Horses were extinct in South America until their reintroduction with the arrival of Spanish expeditions, beginning with the second voyage of Christopher Columbus's second voyage in 1493. The Venezuelan breed descends from Colonial Spanish horse to the region by settlers and conquistadores from the 16th century onward, sharing its origins with neighboring populations such as the Trote y galope.
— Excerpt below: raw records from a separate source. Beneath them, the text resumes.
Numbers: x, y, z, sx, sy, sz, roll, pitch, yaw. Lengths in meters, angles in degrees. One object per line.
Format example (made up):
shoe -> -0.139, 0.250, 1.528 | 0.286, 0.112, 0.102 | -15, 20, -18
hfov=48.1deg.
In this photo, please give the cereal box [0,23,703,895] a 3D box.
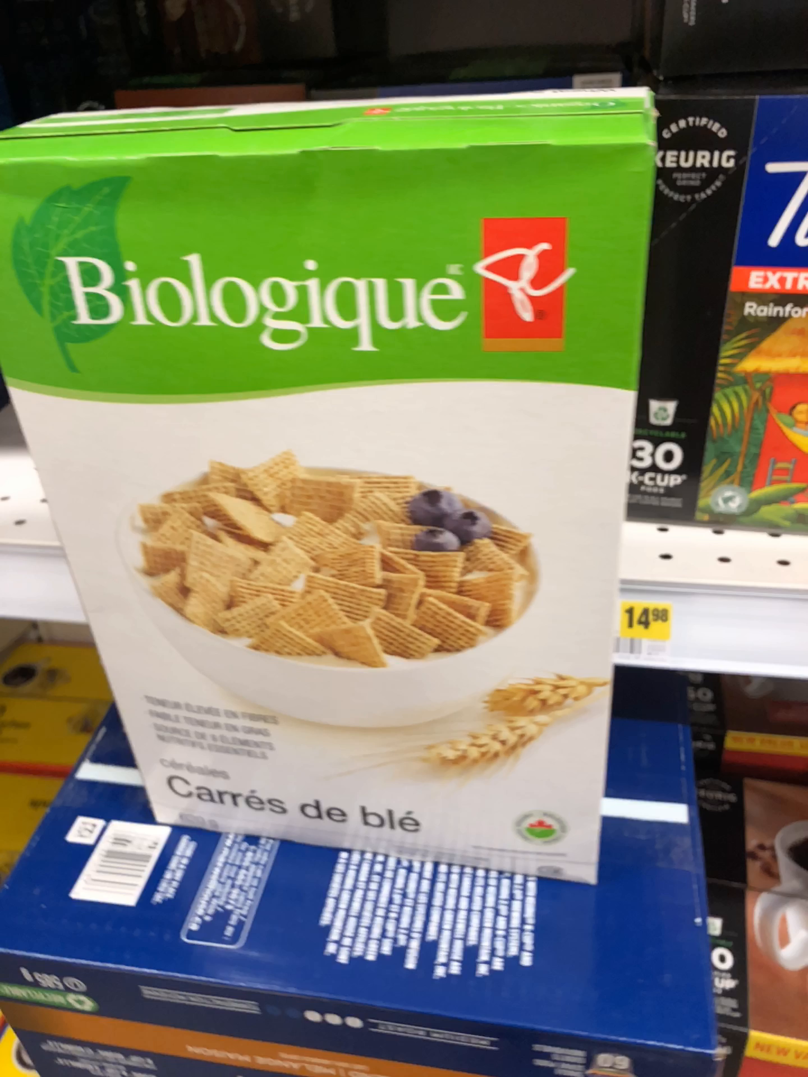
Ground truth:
cereal box -> -0.022, -0.006, 0.319 | 0.210, 0.289, 0.070 | 4, 37, 13
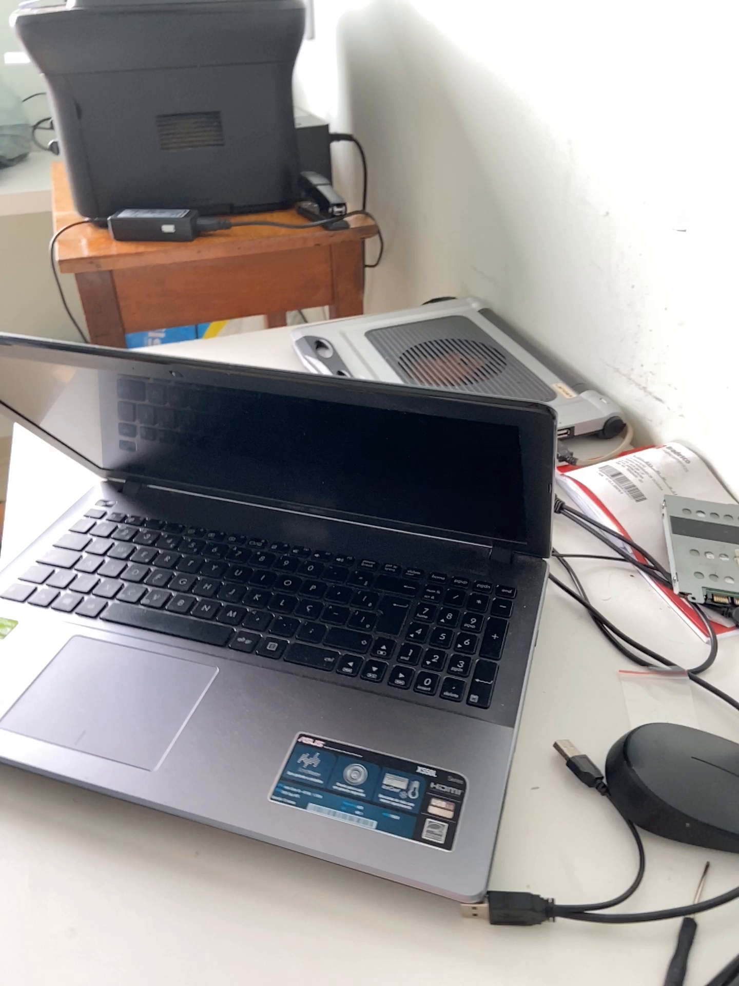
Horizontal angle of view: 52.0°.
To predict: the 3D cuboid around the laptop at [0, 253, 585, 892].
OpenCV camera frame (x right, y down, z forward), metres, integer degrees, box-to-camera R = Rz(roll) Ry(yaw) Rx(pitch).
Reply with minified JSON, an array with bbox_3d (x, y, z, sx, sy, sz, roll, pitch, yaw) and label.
[{"bbox_3d":[-0.087,0.007,0.437,0.364,0.190,0.246,9,36,16],"label":"laptop"}]
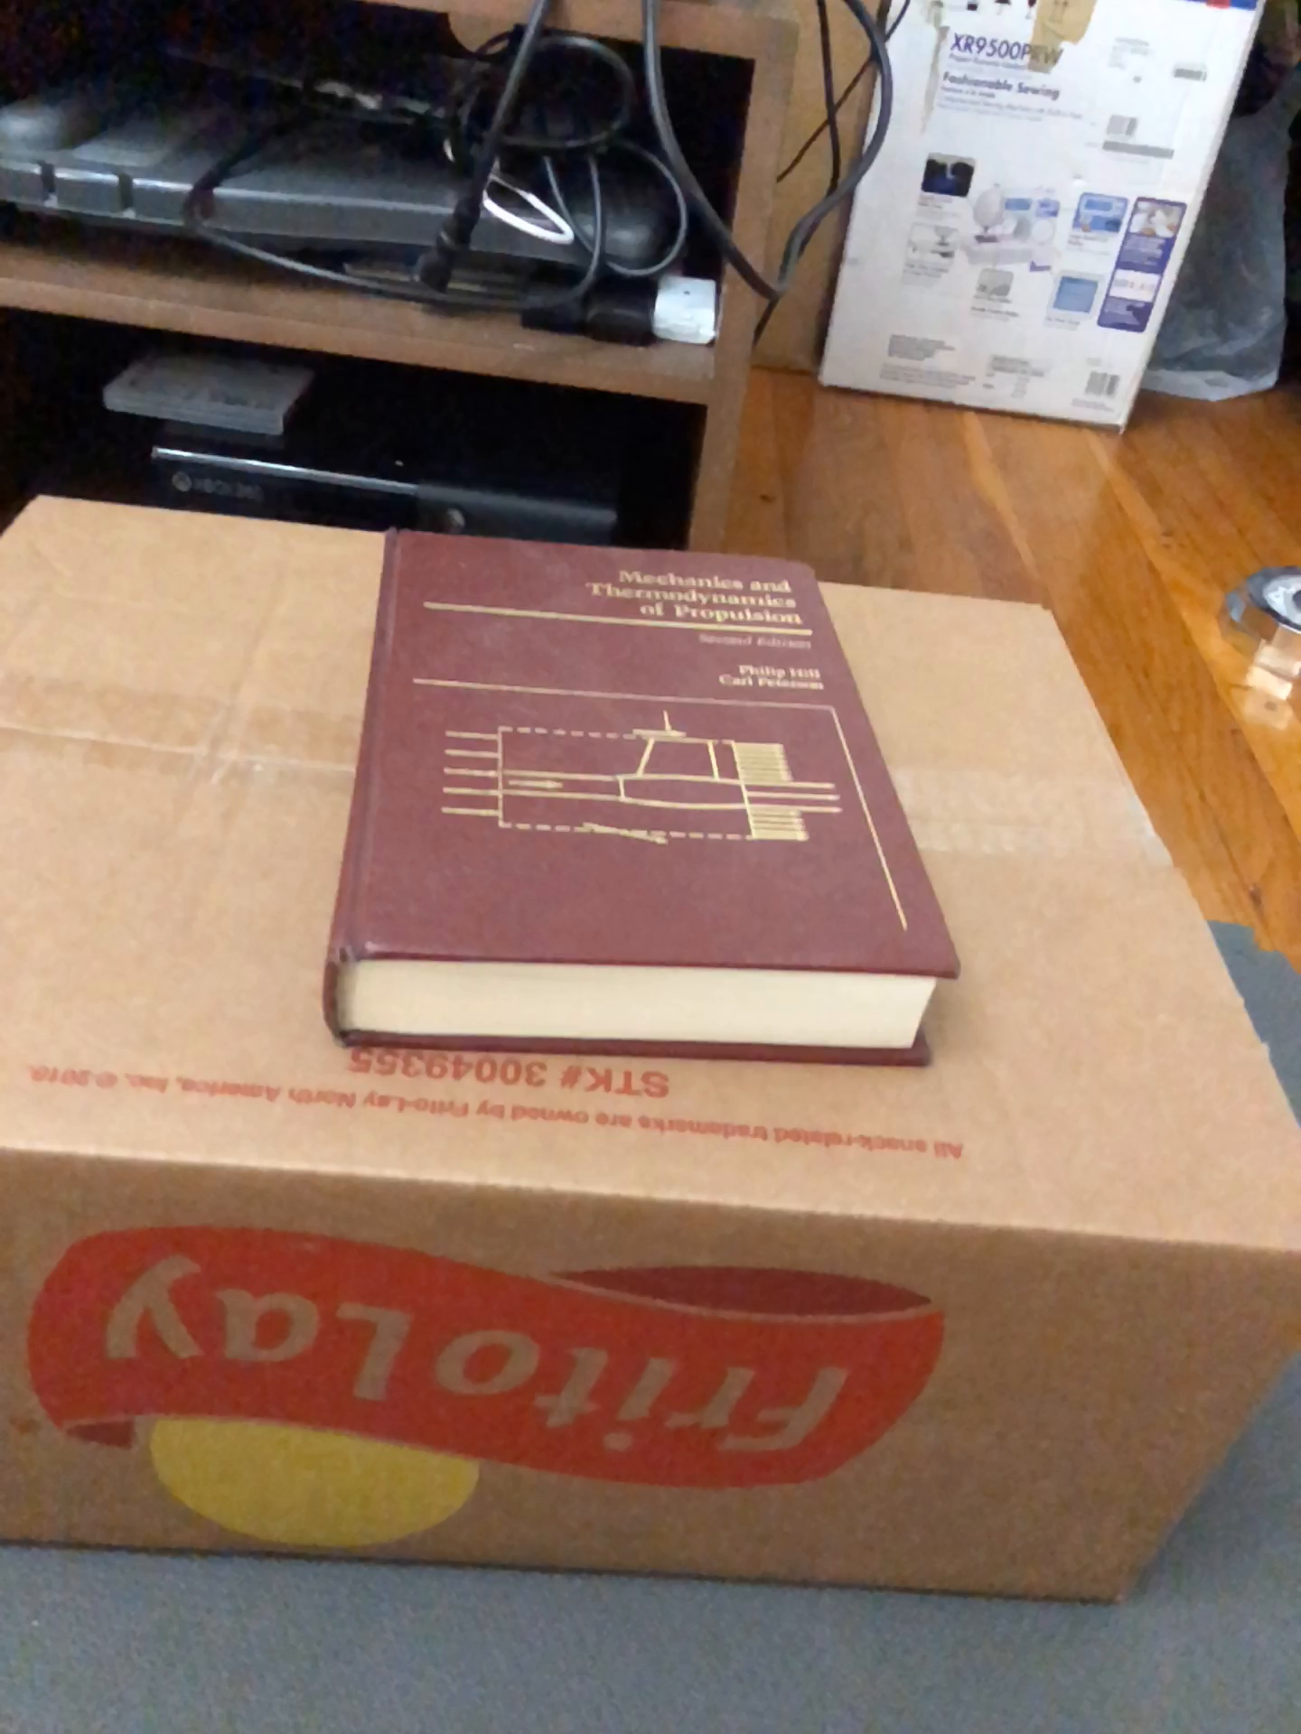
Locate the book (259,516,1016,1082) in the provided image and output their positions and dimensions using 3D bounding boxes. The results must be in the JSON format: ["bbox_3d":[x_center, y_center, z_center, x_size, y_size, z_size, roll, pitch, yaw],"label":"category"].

In 1526, the settlement of Coro introduced local horse breeding. In 1528, King Charles V of Spain commissioned the Welser governors to import horses from Hispaniola, San Juan and Santiago de Cuba to Venezuela. Horses abandoned near Buenos Aires by Don Pedro de Mendoza in 1535 are also thought to have contributed to the foundational stock. Most of these early horses originated in the Antilles, though a number are believed to have been imported directly from Spain. Ambrosius Ehinger brought over 80 horses from Sanlúcar de Barrameda to Venezuela. Similarly, in 1545, Cristóbal Rodríguez, a settler in the Llanos, brought ten mares and two foals of the Andalusian breed directly from Jerez de la Frontera.

The breed developed in the Llanos plains of north‑western Venezuela, where the harsh climate, including very dry winters, contributed to a reduction in size from the original Iberian stock.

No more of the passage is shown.